微かに布ずれの音がして何気なく振り返ると、坂田がベッドに横たわったまま頭を腕で支えて土方
の方を見ていて、少しだけぎくりとする。弱味を見せたくないので表には出さない。余裕があるよう
に見せていたいので皮肉に少し笑む。坂田は動かない。探り合っているようだと思う、お互いに。坂
田は様々なことに無関心で無神経に見えて、馬鹿ではないし根底の部分では聡いから本当は気付いて
いるかもしれない。
「寝ないの。明日も仕事なんだろ」
「いや、」
体をずらしながら声を掛けられて、その場所を見た。自分のための場所。白いシーツが少し窪んで
青く影ができている。いや、の後に続ける言葉が喉まで出掛かっていたが、舌の上に乗せるのは躊躇
われた。明日は非番だ。だが、それを言ってどうなる。どうしてそれを告げる必要がある。この不愉
快な時間を長引かせるだけではないか。それではまるで、まるで。
「こっち来いよ」
そのまま身動きがとれずにいると、坂田は上半身を起こして片手で手招きをした。今度は素直に従
い足を運ぶ。抵抗という言葉は最初の数ヶ月で忘れてしまった。抵抗して手酷く扱われた記憶はまだ
そう遠いものではない。今すぐ消してしまいたい。尤も、土方は自分が忘れようと思ったことは案外
綺麗に忘れてしまえる性質だと知っていた。唐突に物事を諦めることができる。そうでもしなければ
やっていけないことが多すぎた。意図的に無関心を作り出せる点で、坂田と土方は似ていると言えた。

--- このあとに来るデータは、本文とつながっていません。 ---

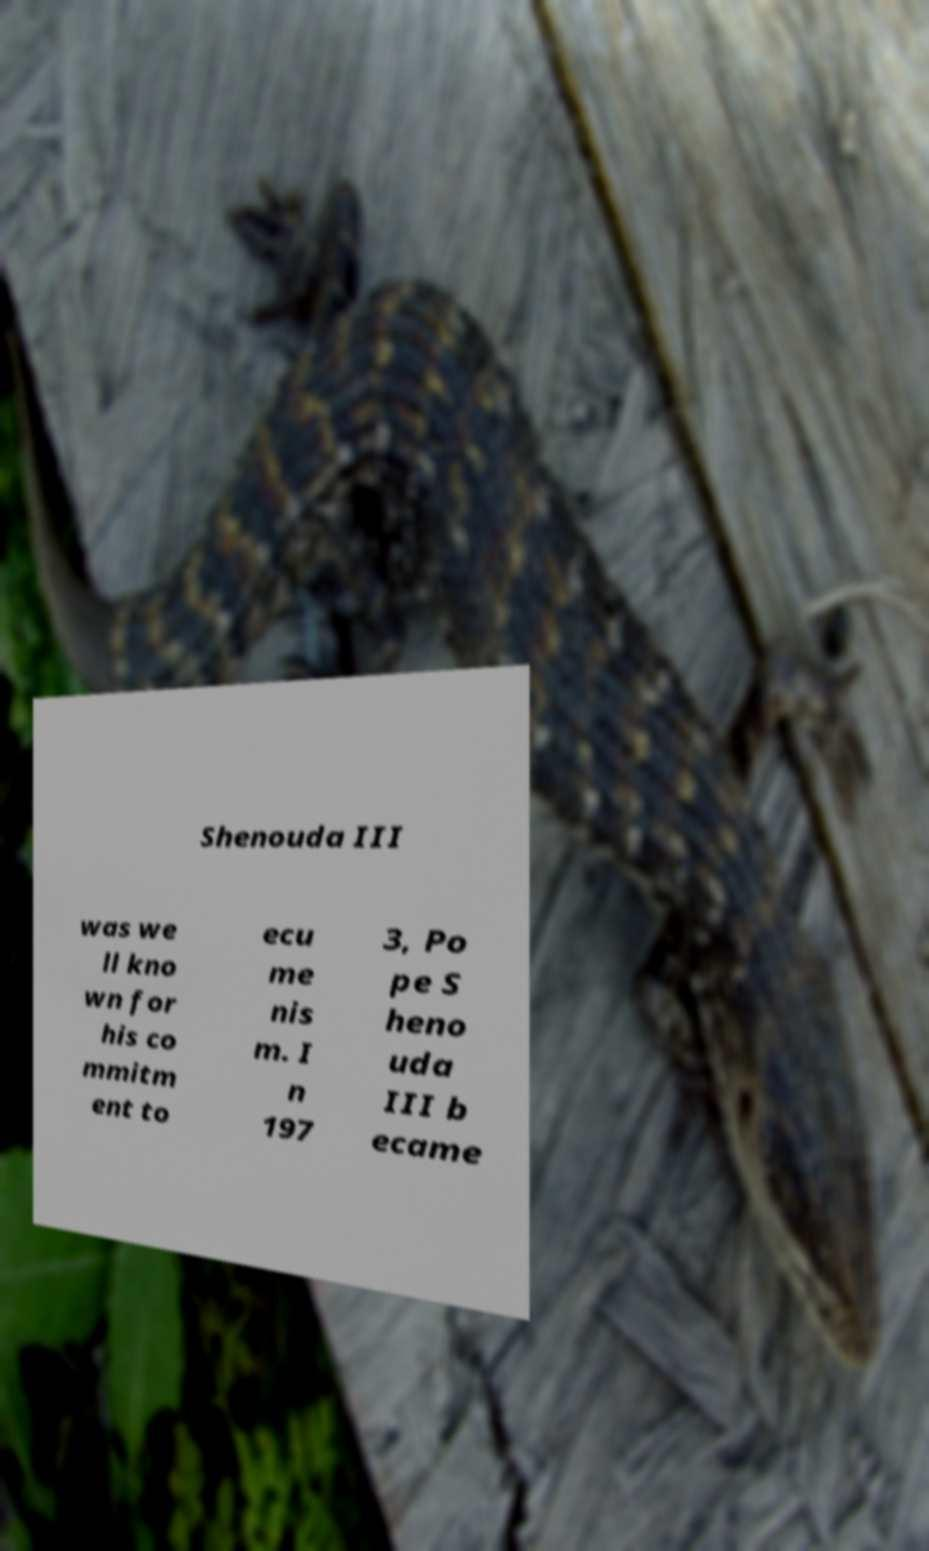Please identify and transcribe the text found in this image. Shenouda III was we ll kno wn for his co mmitm ent to ecu me nis m. I n 197 3, Po pe S heno uda III b ecame 
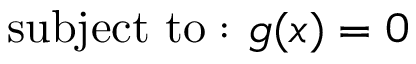Convert formula to latex. <formula><loc_0><loc_0><loc_500><loc_500>{ s u b j e c t t o \colon } \ g ( x ) = 0</formula> 
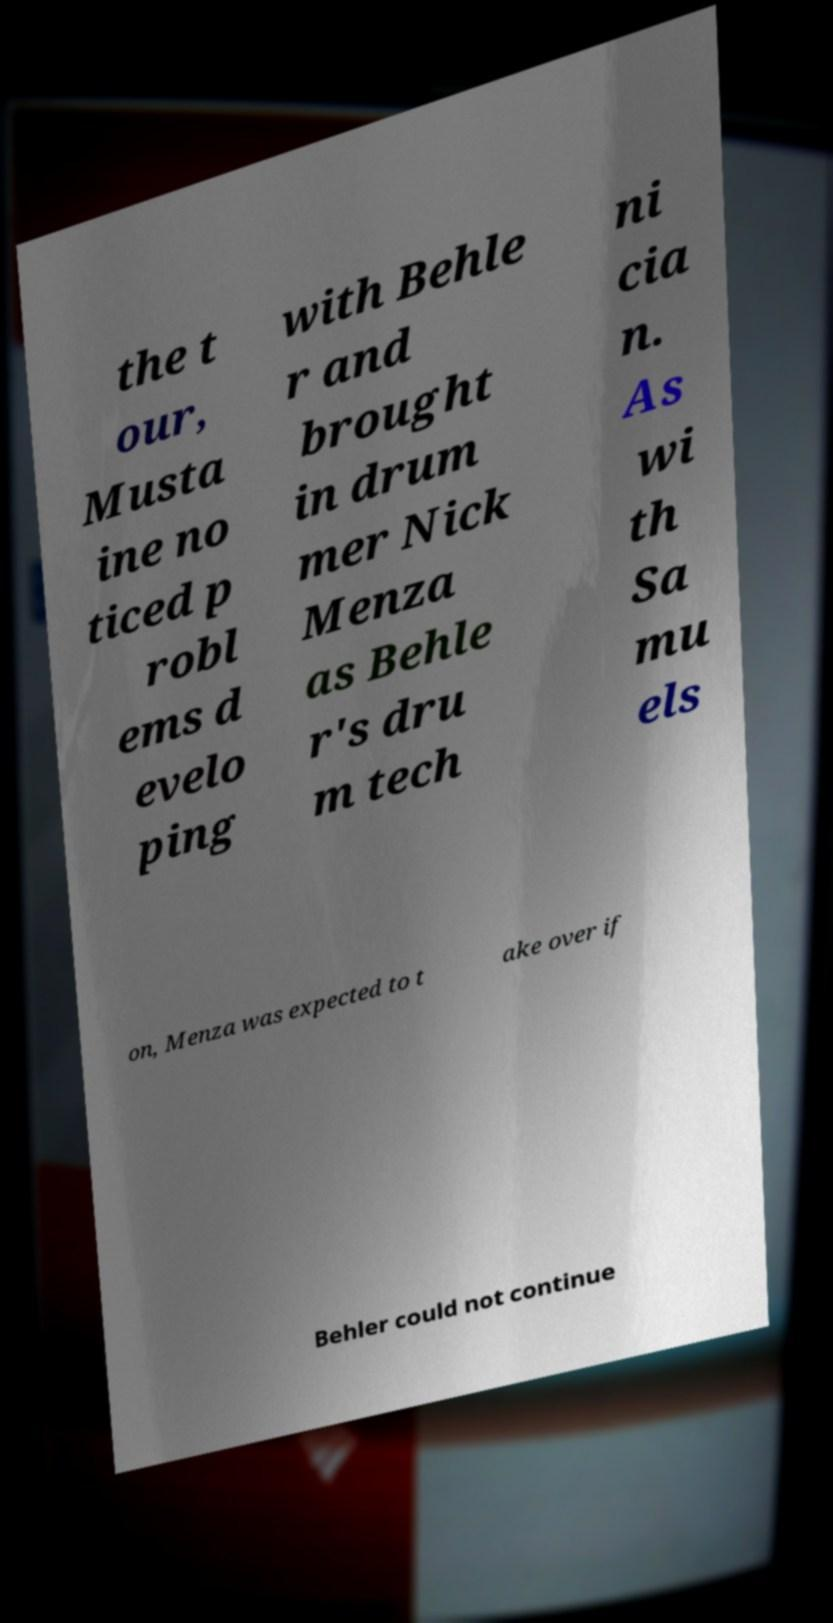What messages or text are displayed in this image? I need them in a readable, typed format. the t our, Musta ine no ticed p robl ems d evelo ping with Behle r and brought in drum mer Nick Menza as Behle r's dru m tech ni cia n. As wi th Sa mu els on, Menza was expected to t ake over if Behler could not continue

坂田の隣まで辿り着くと、身を乗り出してきた坂田に腕を捕まれて土方は少し体制を崩した。首の
後ろをつかまれて頭を引き寄せられる。そのまま口付けられて、咄嗟に土方は目を閉じた。耳の奥に
さっき聞いた歌が流れる。恋のしあわせに息をつまらせて息をつまらせて息をつまらせて。幸せな音
をしていると思った。最初は触れるだけだったものが段々と深くなり、開放される頃には土方の息は
乱れていた。幾度も口付けられる。坂田の白い指が首筋をたどる。慣れた口付け。慣れた指先。その
どれもが幸せな恋とは程遠い。坂田とは厳密な意味でセックスをしたことが一度もなかった。執拗に
触られて、いつだって土方一人が追い詰められて、息を乱す。
「まだやんのかよ……」
土方が呟くと、坂田は下を向いたまま少し笑った。
坂田が始めて、坂田が続けてきたこの行為の意味を、土方は知らない。他人の思考を測ることは無
意味であり、いくら考えたところで推測の域を出ず、それも見当外ればかりだ。いくら考えても同じ
結論には至らない。けれど、坂田は、想像したことがあるだろうか。
着たばかりのシャツを剥がれながら土方はぼんやりと思考する。思考を止めたいのに意識を逸らせ
るだけの切欠が見つからない。考えたくない。友人と思っている人間に組み伏せられることの屈辱と
虚脱を。数分後にはその背中に縋りつくことになるだろう自分の身体を。唯でさえ無意味なのに更に
無意味な行為を繰り返す意味を。理解を諦めることで傷つくこともあるのだと、坂田は知っているだ
ろうか。
視界の端でFMラジオの電光がちらちらと揺らぎながら光っていた。
*
何処からか湧いてくる馬鹿を取り締まって、警備の計画を立てて、捕り物をして、偶に同僚と飲ん
で愚痴を零す。山のような書類と格闘して、お偉方に対応して、我を通す。幻想を抱く間もない現実
の連続が、土方は好きだった。余計なことを考えずにすむ。自己を演じるために必要なものは、それ
程多くはない。だが、坂田の存在は土方の世界に現れた異物だった。坂田のせいで、シンプルだった
土方の世界は壊れてしまった。自己を保つために気を張らなければならくなった。それでも、呼出さ
れたら会いに行く。そうなってしまった自分自身が、土方にとって一番理解しがたいものだった。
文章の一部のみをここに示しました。